Rolls-Royce calculates that its presence will grow with more orders for wide-bodied airliners. There have been no wide-bodied airliner orders from India since 2005, when Air India ordered 27 aircraft and Jet Airways ordered some Boeing 777s and Airbus 330s. Last year, Vistara ordered six Boeing 787 Dreamliners, with an option for six more, but the airline chose GE engines over Rolls-Royce.

 

An upbeat Jayaraman believes things will change. Spice Jet and Go Air are considering purchases of more wide-bodied airliners. Indigo was buying six wide-bodied A-330s, with Rolls-Royce engines, but Covid-19 postponed that. 

 

“The wide-bodied fleet in India is starting to emerge. Airlines are looking at flying to Europe and that requires wide-bodied aircraft,” points out Jayaraman.

 

Interestingly, China flies wide-bodied aircraft even on domestic routes. Airlines industry analysts say it makes economic sense to fly wide-bodied aircraft on the trunk, metro-to-metro routes within India. They reason this would lead to airlines operating fewer aircraft and generating less greenhouse gases. 

 

Operations business

 

“We decided that Rolls-Royce would transition from a trading company to an operational one. In that context, we have built a very strong operations business in India for civil and defence aerospace and land-based and sea-based power systems,” says Jayaraman.

 

Rolls-Royce led with engineering services.
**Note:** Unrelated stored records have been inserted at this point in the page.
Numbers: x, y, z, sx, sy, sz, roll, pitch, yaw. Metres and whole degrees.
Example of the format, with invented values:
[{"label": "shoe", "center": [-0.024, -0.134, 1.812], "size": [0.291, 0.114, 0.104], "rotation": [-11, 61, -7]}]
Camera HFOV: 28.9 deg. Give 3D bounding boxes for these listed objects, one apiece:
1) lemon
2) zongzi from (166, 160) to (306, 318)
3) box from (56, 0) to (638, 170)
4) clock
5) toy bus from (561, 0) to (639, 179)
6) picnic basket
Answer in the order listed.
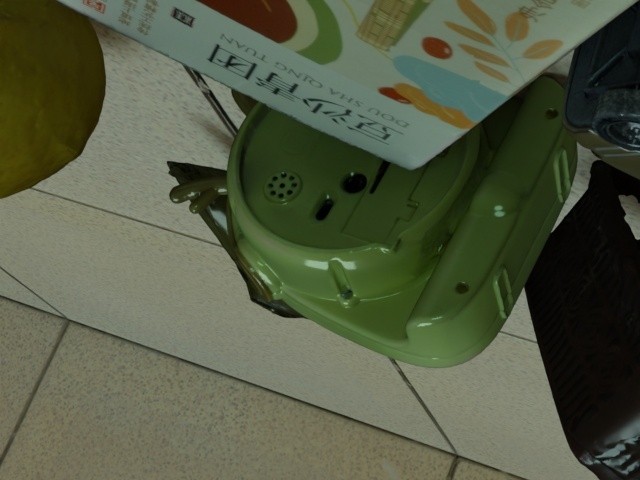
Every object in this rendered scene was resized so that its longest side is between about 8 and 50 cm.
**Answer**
[{"label": "lemon", "center": [-0.321, -0.149, 1.110], "size": [0.288, 0.234, 0.233], "rotation": [15, 173, -40]}, {"label": "zongzi", "center": [0.000, 0.000, 1.362], "size": [0.260, 0.123, 0.289], "rotation": [10, 155, 26]}, {"label": "box", "center": [-0.013, -0.206, 0.710], "size": [0.344, 0.122, 0.385], "rotation": [25, 164, -9]}, {"label": "clock", "center": [0.027, -0.047, 0.971], "size": [0.308, 0.235, 0.096], "rotation": [18, 157, 26]}, {"label": "toy bus", "center": [0.278, -0.097, 0.644], "size": [0.157, 0.139, 0.289], "rotation": [29, 160, -35]}, {"label": "picnic basket", "center": [0.256, 0.087, 0.955], "size": [0.222, 0.297, 0.129], "rotation": [38, 115, -25]}]
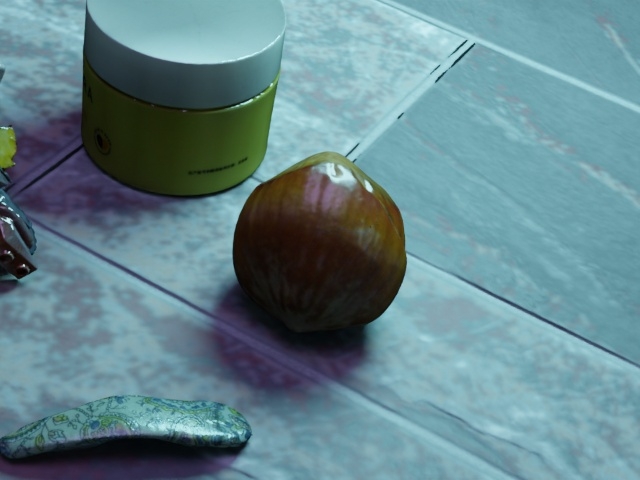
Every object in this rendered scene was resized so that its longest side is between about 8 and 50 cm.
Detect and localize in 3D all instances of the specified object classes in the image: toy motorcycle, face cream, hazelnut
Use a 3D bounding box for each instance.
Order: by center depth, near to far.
[{"bbox_3d":[-0.344,-0.032,1.335,0.084,0.212,0.118,-29,45,13],"label":"toy motorcycle"},{"bbox_3d":[0.000,0.000,1.383,0.182,0.182,0.182,6,40,-6],"label":"hazelnut"},{"bbox_3d":[-0.156,-0.184,1.547,0.218,0.179,0.218,6,40,-6],"label":"face cream"}]

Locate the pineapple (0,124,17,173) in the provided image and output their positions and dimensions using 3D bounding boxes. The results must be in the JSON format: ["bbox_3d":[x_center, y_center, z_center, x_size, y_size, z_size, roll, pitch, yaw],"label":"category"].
[{"bbox_3d":[-0.437,-0.086,1.416,0.233,0.079,0.135,1,-1,-39],"label":"pineapple"}]

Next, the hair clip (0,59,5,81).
[{"bbox_3d":[-0.503,-0.189,1.491,0.330,0.085,0.101,-3,39,-49],"label":"hair clip"}]

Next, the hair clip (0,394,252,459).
[{"bbox_3d":[-0.173,0.168,1.247,0.229,0.036,0.066,-3,36,-16],"label":"hair clip"}]
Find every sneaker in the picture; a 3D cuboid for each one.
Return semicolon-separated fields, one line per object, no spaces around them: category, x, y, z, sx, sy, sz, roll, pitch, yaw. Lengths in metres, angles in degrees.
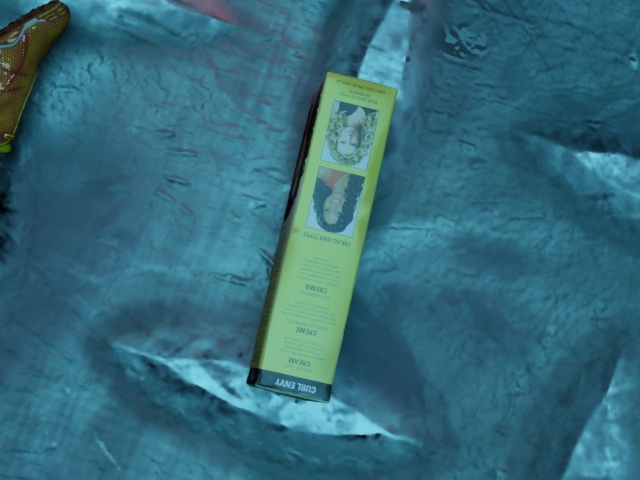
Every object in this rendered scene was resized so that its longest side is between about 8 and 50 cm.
sneaker;-0.242;-0.105;1.009;0.067;0.064;0.175;42;87;-20

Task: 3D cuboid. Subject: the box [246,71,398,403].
box;0.000;0.000;0.999;0.058;0.087;0.232;13;82;-6
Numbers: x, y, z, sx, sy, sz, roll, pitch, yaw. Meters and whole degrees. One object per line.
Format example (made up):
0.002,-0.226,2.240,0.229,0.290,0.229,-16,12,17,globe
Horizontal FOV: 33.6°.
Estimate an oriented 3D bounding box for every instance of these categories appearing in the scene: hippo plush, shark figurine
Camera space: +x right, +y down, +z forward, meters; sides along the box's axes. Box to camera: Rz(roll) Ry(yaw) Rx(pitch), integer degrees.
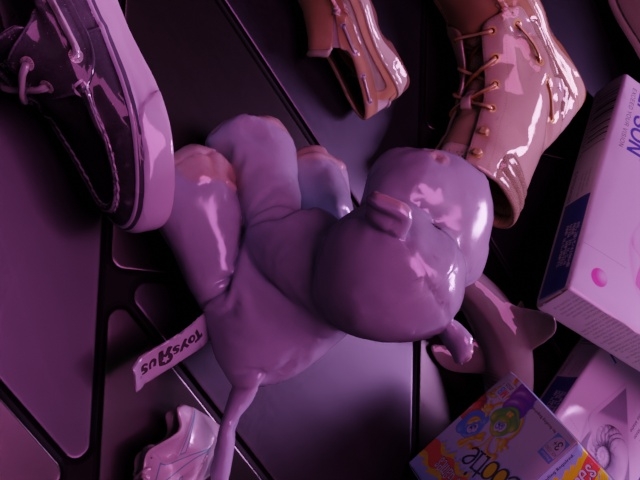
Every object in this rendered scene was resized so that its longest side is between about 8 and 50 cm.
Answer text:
0.000,0.000,0.836,0.234,0.236,0.294,54,48,-16,hippo plush
0.173,0.074,1.072,0.278,0.116,0.166,51,57,-26,shark figurine

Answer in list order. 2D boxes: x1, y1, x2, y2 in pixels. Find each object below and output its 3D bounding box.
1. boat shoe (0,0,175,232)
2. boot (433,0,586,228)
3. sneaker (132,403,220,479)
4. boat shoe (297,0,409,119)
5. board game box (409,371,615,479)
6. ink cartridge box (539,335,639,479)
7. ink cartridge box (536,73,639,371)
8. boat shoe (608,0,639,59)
-0.200,-0.142,0.795,0.102,0.108,0.301,-20,96,-38,boat shoe
0.160,-0.161,1.095,0.262,0.095,0.203,48,60,-30,boot
-0.132,0.202,0.857,0.061,0.053,0.152,43,54,-22,sneaker
0.014,-0.198,1.000,0.072,0.068,0.190,-45,114,-20,boat shoe
0.242,0.288,1.054,0.142,0.144,0.275,-43,117,2,board game box
0.345,0.226,1.236,0.223,0.045,0.224,-48,115,-32,ink cartridge box
0.427,0.018,1.219,0.330,0.071,0.324,30,56,-12,ink cartridge box
0.442,-0.286,1.323,0.340,0.127,0.113,64,24,-6,boat shoe
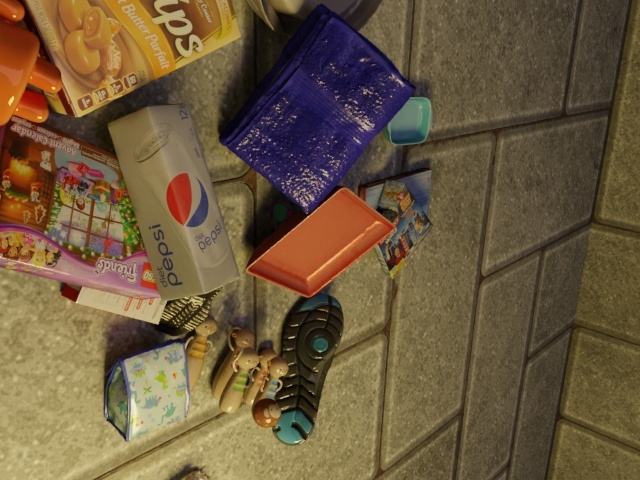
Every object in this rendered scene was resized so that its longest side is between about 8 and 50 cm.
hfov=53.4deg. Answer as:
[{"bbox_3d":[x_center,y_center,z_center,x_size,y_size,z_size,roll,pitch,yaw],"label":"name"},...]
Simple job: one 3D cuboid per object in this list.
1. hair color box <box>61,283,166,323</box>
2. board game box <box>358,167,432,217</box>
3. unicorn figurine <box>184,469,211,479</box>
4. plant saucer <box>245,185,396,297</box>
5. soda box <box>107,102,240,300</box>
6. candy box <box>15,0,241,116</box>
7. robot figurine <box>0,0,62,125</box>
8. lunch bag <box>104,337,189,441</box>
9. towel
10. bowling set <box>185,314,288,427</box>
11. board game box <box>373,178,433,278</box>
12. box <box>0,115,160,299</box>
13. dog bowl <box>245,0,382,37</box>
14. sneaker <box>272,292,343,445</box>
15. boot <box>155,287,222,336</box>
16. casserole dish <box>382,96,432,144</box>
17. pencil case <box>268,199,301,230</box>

The 500 engineers it employed a decade ago were ramped up to about 2,300, a mix of employed and outsourced personnel. In 2015 alone, the company hired 500 engineers in India. 

 

Last year, during the Covid-19 pandemic, Rolls-Royce moved further into operations work. The company partnered Infosys Technologies, and moved 500 engineers to that company, where they function as Rolls-Royce’s core team, working on component engineering, design work, system work, documentation and technical publications.

 

For manufacturing engine components, Rolls-Royce set up a joint venture with HAL in 2010. Named International Aerospace Manufacturing Private Ltd (IAMPL), it makes 200 different components, including for Rolls-Royce’s most sophisticated engine: the Trent XWB.